# Snow Wolf 50W



## Keyaam (7/7/15)

Hi All

Are any vendors bringing this in. I want it purely for its looks

Reactions: Like 4


----------



## Gizmo (7/7/15)

wow that looks awesome

Reactions: Like 1


----------



## JakesSA (8/7/15)

Good looking indeed, what's it called?

EDIT: Snow wolf 50W I guess ..

Reactions: Funny 2


----------



## 3FVape (8/7/15)

Looks awesome. I want it, too!

Searched online. Pre-order now from $99-$109.99,


----------



## Keyaam (8/7/15)

JakesSA said:


> Good looking indeed, what's it called?
> 
> EDIT: Snow wolf 50W I guess ..


You so clever


Sent from my iPhone using Tapatalk

Reactions: Thanks 1


----------



## BumbleBee (8/7/15)

Different, I like the looks of this one





Specs:

Uses a GX50 chip
Single 18650 battery
Output Power 7.0 Watts- 50 Watts
Output Voltage 1.0 Volts- 9.0 Volts
Output Current, Continuous 18 Amps
Output Current, Instantaneous Peak 25 Amps
Atomizer Resistance, Temperature Sensing Wire 0.1 Ohm- 2.0 Ohm
Atomizer Resistance, Standard Wire 0.15 Ohm- 2.0 Ohm
Temperature Limit 200°F- 600°F
Input Voltage 3.2 Volts- 4.3 Volts
Input Current 1.0 Amps- 30 Amps
Screen On Current 25mA
Power Down Current 350uA
Auto Shut Off 10 Seconds
Efficiency 94%
Spring loaded 510
Self adjusting spring loaded battery contact
Magnetic hinged door
Extremely lightweight
Real Rosewood

Reactions: Like 1


----------



## Keyaam (8/7/15)

review here


----------



## Humbolt (8/7/15)

Wow. That is simply stunning.


----------



## Keyaam (8/7/15)

Gina said:


> Looks awesome. I want it, too!
> 
> Searched online.

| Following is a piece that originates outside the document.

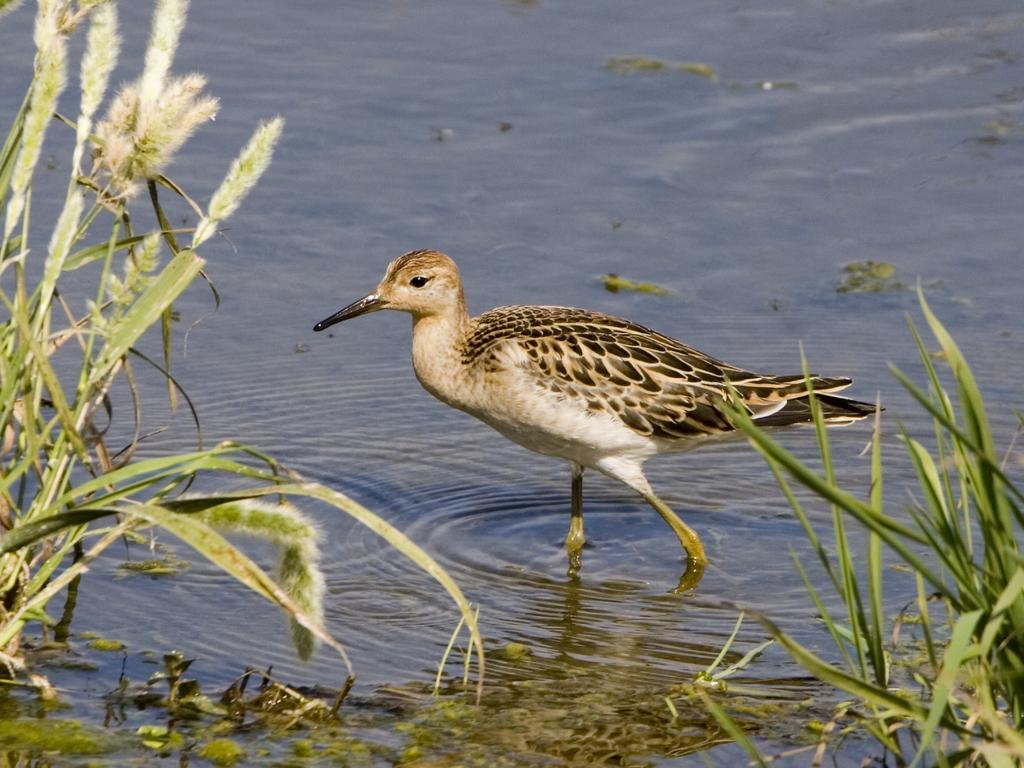What type of bird is in the image? There is a common sandpiper bird in the image. Where is the bird located in the image? The bird is in the water. What type of vegetation is visible beside the bird in the image? There is grass visible beside the bird in the image. What organization is responsible for the bird's habitat in the image? There is no information provided about any organization responsible for the bird's habitat in the image. Is the bird experiencing any pain in the image? There is no indication in the image that the bird is experiencing any pain. 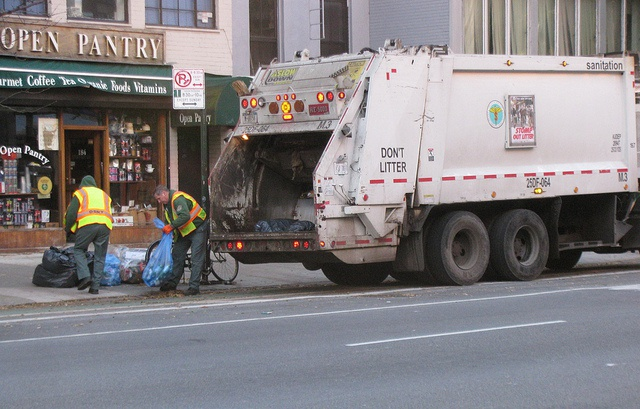Describe the objects in this image and their specific colors. I can see truck in gray, lightgray, black, and darkgray tones, people in gray, purple, black, and khaki tones, people in gray, black, purple, and brown tones, and bicycle in gray and black tones in this image.

Pre-order now from $99-$109.99,


where?


----------



## 3FVape (8/7/15)

Keyaam said:


> where?



http://www.vaperoyalty.com/snowwolf-50w-box-mod-stainless/

and http://www.vaporrange.com/SnowWolf-50W-Variable-Box-Mod-Temperature-Control-p/snowwolf-50w.htm


I think it is because of the color of wood, they all have a unique color.


----------